If each individual became only part of the machine, at the end of the day there would be only the machine. The inexorable, impersonal, grinding machinery of the modern. He turned away from Quoc, took Solange by the arm, and walked her away, out of hearing.
“I was thinking,” he said, “about the first meal we’ll have when we get to wherever we’re going.”
“Oh yes?” she said. “And what were you thinking?”
“You made a dish back in Tokyo …”
“I made a number of dishes back in Tokyo,” Solange said, her wide mouth opening into a smile.
Nothing can dim the light in those green eyes, he thought. “The coq au vin, perhaps.”
“Simple French country cooking.”
“Simplicity sounds wonderful,” Nicholai said. “With what wine, then?”
She speculated on a number of choices, narrowing it down to a handful and then finding it impossible to choose.

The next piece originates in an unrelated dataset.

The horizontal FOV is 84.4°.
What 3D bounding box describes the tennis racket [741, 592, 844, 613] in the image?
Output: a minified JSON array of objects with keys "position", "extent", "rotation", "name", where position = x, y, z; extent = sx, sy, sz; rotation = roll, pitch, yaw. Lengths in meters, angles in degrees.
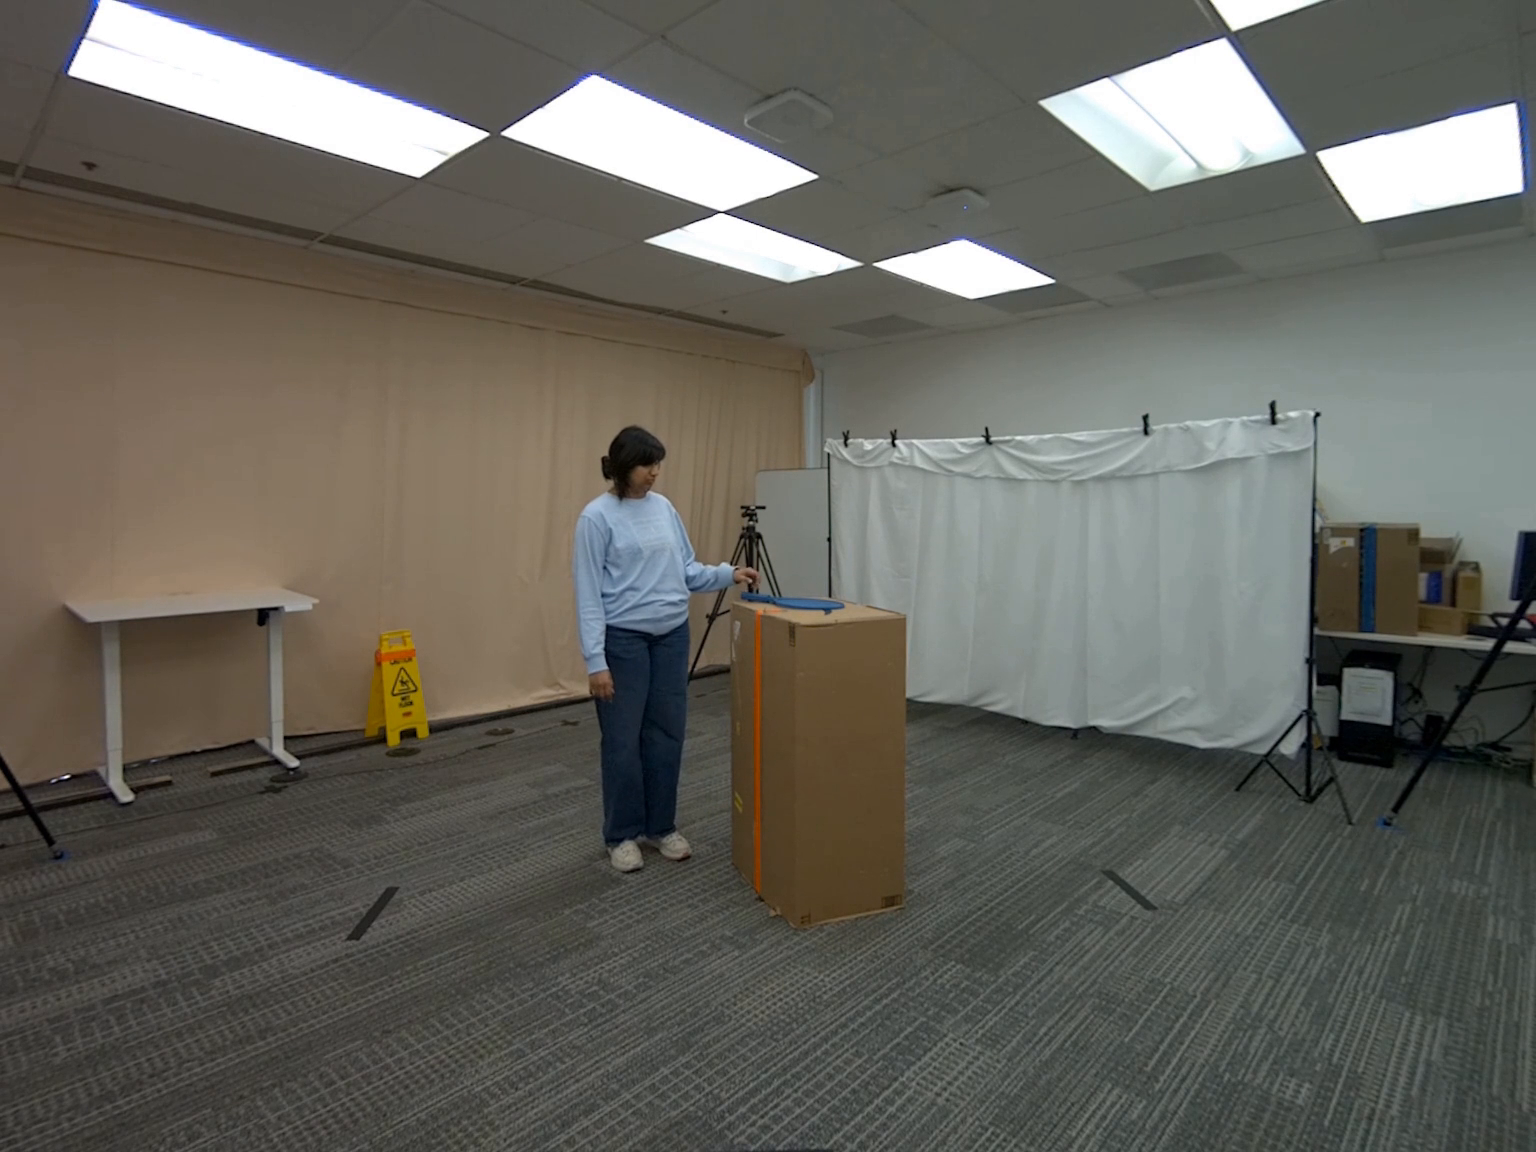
[{"position":[0.096,0.100,3.122],"extent":[0.446,0.031,0.208],"rotation":[5,7,32],"name":"tennis racket"}]

Then they discussed which vegetables they would have as side dishes, how they should be prepared, and then which dessert would be best, a tarte tatin or perhaps a marquise au chocolat.
“Should we invite De Lhandes?” Nicholai asked.
“Yes, of course,” Solange answered, “but he must leave straight after coffee so we can make love.”
“Out he goes, then.”
She kissed him, long and lovingly.
163
THEY WERE ONLY fifty yards into the sword grass when the shooting started.
Turning to his left, Nicholai saw the line of Legionnaires come onto the dike, and to the far right of the troops he thought he saw a soldier with a vermilion beret directing their fire.
Signavi.
Nicholai lifted his rifle to his shoulder and returned fire, shooting to his left but moving ahead. The copse of trees was their only faint hope and they had to keep moving, for getting bogged down in the grass was certain death.